Do we still need TDD?

I’ve been thinking a lot about this question these days. Most of my career, I’ve worked on teams that valued TDD, either religiously or as a common mode of development. TDD is roughly defined by the following principles:

Illustration of a checklist, partially completed

Incremental development. TDD’s red-green-refactor cycle (write a failing test, make it pass with minimal code, then clean up) keeps changes small and reversible. The goal is to never be more than a few minutes away from working code. This shrinks the debugging surface area—if a test fails, you know the problem is in the handful of lines you just wrote.

Design feedback, not just verification. Writing tests first forces you to think about your code’s interface and behavior before implementation. If something is hard to test, that difficulty may be a signal that the design has coupling problems, unclear responsibilities, or hidden dependencies. The test acts as the first client of your code.

Executable documentation. Tests describe what the code is supposed to do in concrete terms. Unlike comments or external docs, tests can’t drift out of sync with the implementation because they’ll fail. The goal is a living specification that stays accurate.

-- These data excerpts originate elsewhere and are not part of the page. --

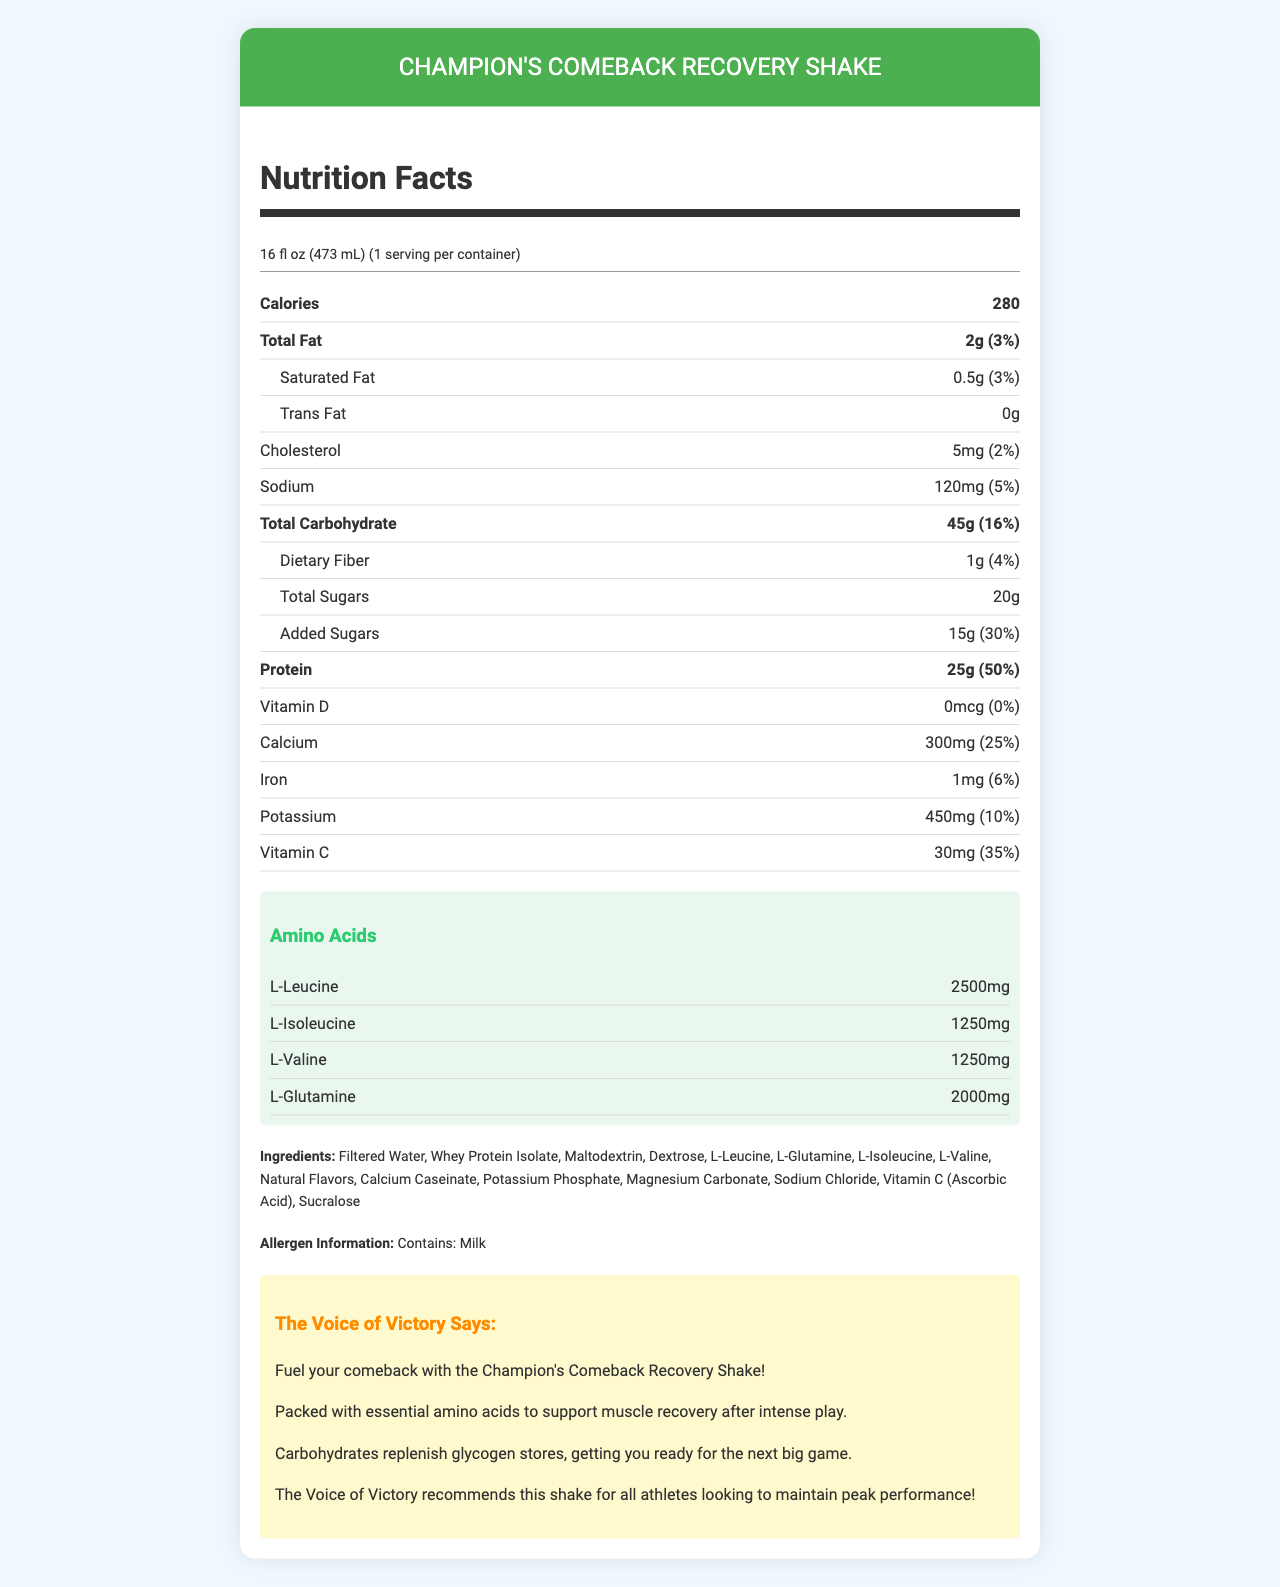how many calories are in a serving of Champion's Comeback Recovery Shake? The document lists "Calories" as 280 in the "Nutrition Facts" section.
Answer: 280 what is the serving size for the recovery shake? The "servingSize" is mentioned as 16 fl oz (473 mL).
Answer: 16 fl oz (473 mL) how much protein does one serving contain? Under "Protein," the amount is specified as 25g.
Answer: 25g what are the main nutrients that contribute to muscle recovery in the shake? The document mentions that the shake is packed with essential amino acids and contains 25g of protein to support muscle recovery.
Answer: amino acids and protein how much sodium is in one serving? The "Sodium" content is specified as 120mg.
Answer: 120mg what is the daily value percentage of calcium in the shake? The calcium daily value percentage is listed as 25%.
Answer: 25% which amino acid has the highest amount per serving? The shake contains 2500mg of L-Leucine, which is the highest among the listed amino acids.
Answer: L-Leucine does the shake contain any added sugars? If yes, how much? The document notes 15g of "Added Sugars."
Answer: Yes, 15g what allergen is mentioned in the recovery shake? The "allergenInfo" section states that the shake contains milk.
Answer: Milk does the shake contain any trans fat? The "transFat" content is listed as 0g.
Answer: No what is the main purpose of Champion's Comeback Recovery Shake? A. Weight loss B. Energy boost C. Muscle recovery D. Heart health The commentator notes indicate that the shake is designed to support muscle recovery.
Answer: C what percentage of daily protein intake does one serving fulfill? A. 25% B. 50% C. 75% D. 100% The document states that the protein content is 25g, which equals 50% of the daily value.
Answer: B is there any Vitamin D in the shake? The "Vitamin D" amount is listed as 0mcg with a 0% daily value.
Answer: No are there any artificial flavors in the recovery shake? The document lists "Natural Flavors" as an ingredient, but does not mention artificial flavors.
Answer: Not mentioned summarize the main information presented in the document. The document gives a comprehensive overview of the nutritional profile of the recovery shake, emphasizing its role in muscle recovery, key nutrients, and taste.
Answer: The document provides the nutrition facts for Champion's Comeback Recovery Shake, a post-game drink designed to support muscle recovery with amino acids and carbohydrates. It details serving size, calories, and nutrient content including proteins, fats, carbohydrates, vitamins, and minerals. The shake contains essential amino acids like L-Leucine and L-Glutamine and includes an allergen notice for milk. Commentator notes promote the shake as beneficial for athletes. what type of protein is used in the shake? The ingredient list mentions "Whey Protein Isolate" as one of the main components.
Answer: Whey Protein Isolate

Confidence to refactor. A comprehensive test suite means you can restructure code aggressively without fear. The goal is to make the codebase malleable over time rather than increasingly rigid as it grows. (Granted, you can overtest and cause rigidity from the other direction, but that’s a separate discussion.)

Avoid scope creep. The TDD discipline of “write just enough code to make the test pass” serves as a forcing function against scope creep and speculative generalization. Your test suite defines the boundaries of your codebase’s scope.

Whether you practice TDD or not, I think most engineers understand the value of all the above.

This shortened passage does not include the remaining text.